Silicon Valley janitor strike gets intense

May 21, 2008 7:08:33 PM PDT
The janitor's strike is getting more intense, and more widespread. More people are getting angry on the picket lines, as more unions honor the walkout.

The union is rolling out the strike and it's impacting more companies. That list already includes Cisco, Intel, Yahoo, Oracle, HP and Applied Materials.

Tension on the picket lines is escalating. On Tuesday afternoon, striking janitors blocked two trucks trying to get replacement workers onto Cisco Systems property.

San Jose police officers stood by, ready to make arrests if necessary. They waited for a top union official who came in and convinced the crowd to back down.

After more than an hour long stand-off the trucks rolled onto Cisco property.

"Our strikers won't get arrested, at least for now and the strike continues. We made as much of a point as we wanted to we want to make at this point," said SEUI Local 1877 president Mike Garcia.

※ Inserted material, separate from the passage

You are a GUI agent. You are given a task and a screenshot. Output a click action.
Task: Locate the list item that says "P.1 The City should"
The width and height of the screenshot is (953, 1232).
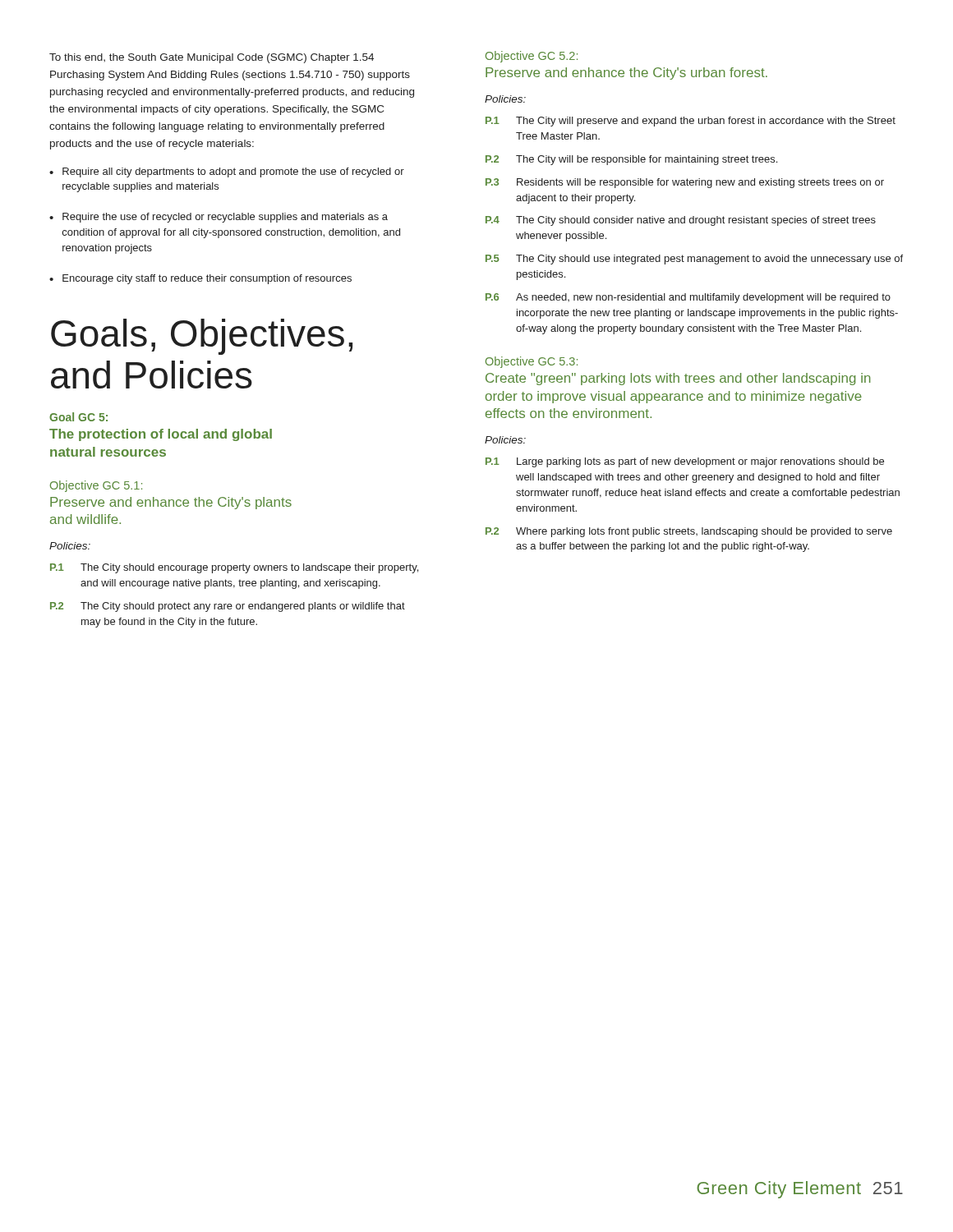pos(238,576)
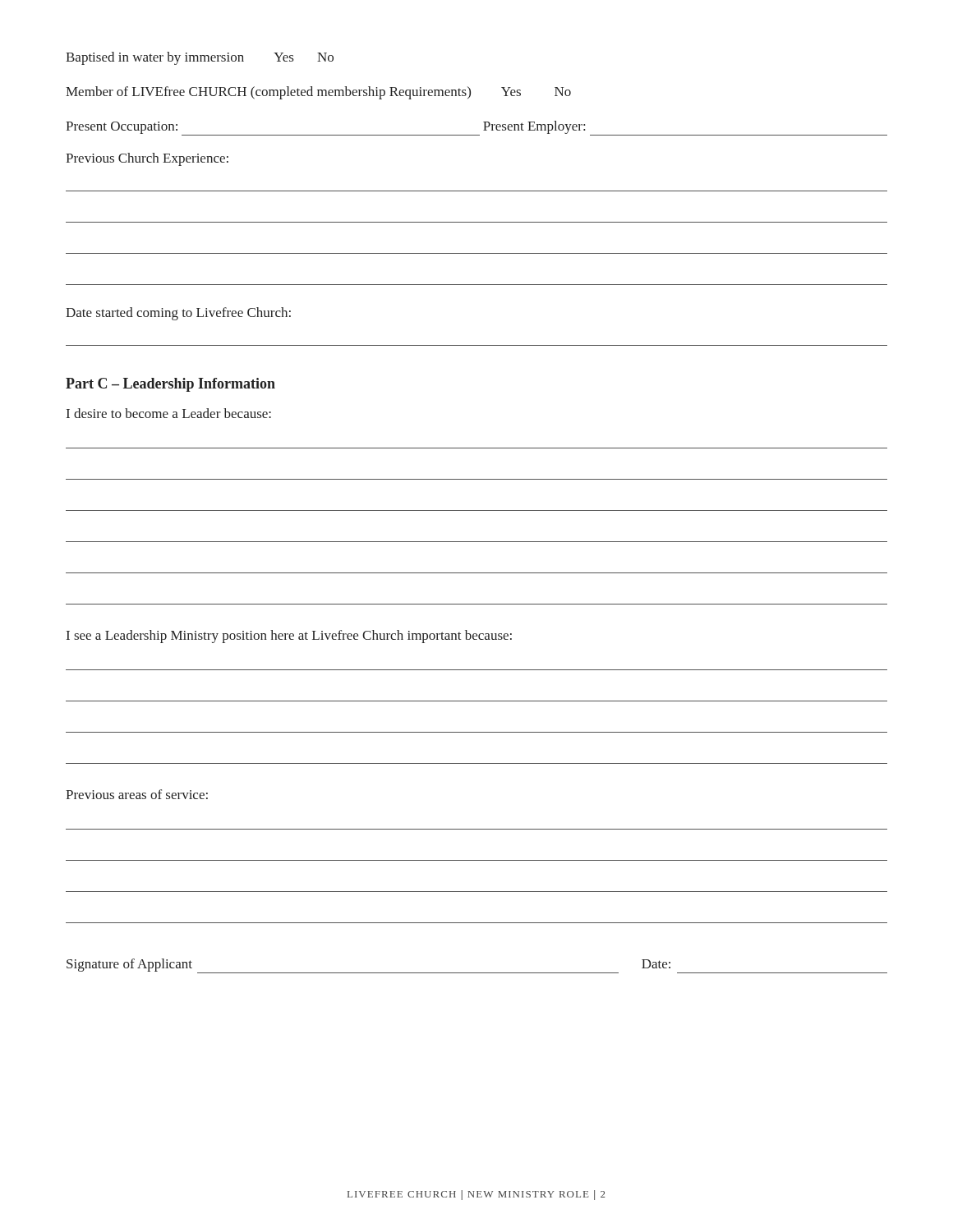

There was another incident at Yahoo, where strikers say an aggressive driver upset with the picketers left skid marks. A janitor was taken to the hospital but other picketers couldn't tell us exactly how she was injured. They say she may have been hot or may have fallen.

The woman apparently hurt her back and hip and police are investigating. The janitor's strike is hitting more companies every day and is now being honored by more than a hundred unions.

"All of the unions that belong to our labor company, teamsters who deliver trash, folks who do construction work , people who do electrical work, people who do communications and cable wok, non of these folks will cross the picket line," said Phaedra Ellis-Lamkins from the South Bay Labor Council.

The union representing 6,000 janitors is putting pressure directly on Silicon Valley's high tech companies to get involved. The janitors actually work for 16 cleaning companies.

In a statement, an Intel spokesperson said: "we understand the issues. We are a third party. We are not negotiating."

The union says high tech companies with big profits need to take responsibility because workers like Maria Lopez can not support her four children on $11an hour.

"Cisco is good. My company is good only I need more salary and insurance," said Lopez.

The strike will now spread to commercial buildings in downtown Oakland, and on Thursday, the janitors will stage a one-day walkout at Stanford University.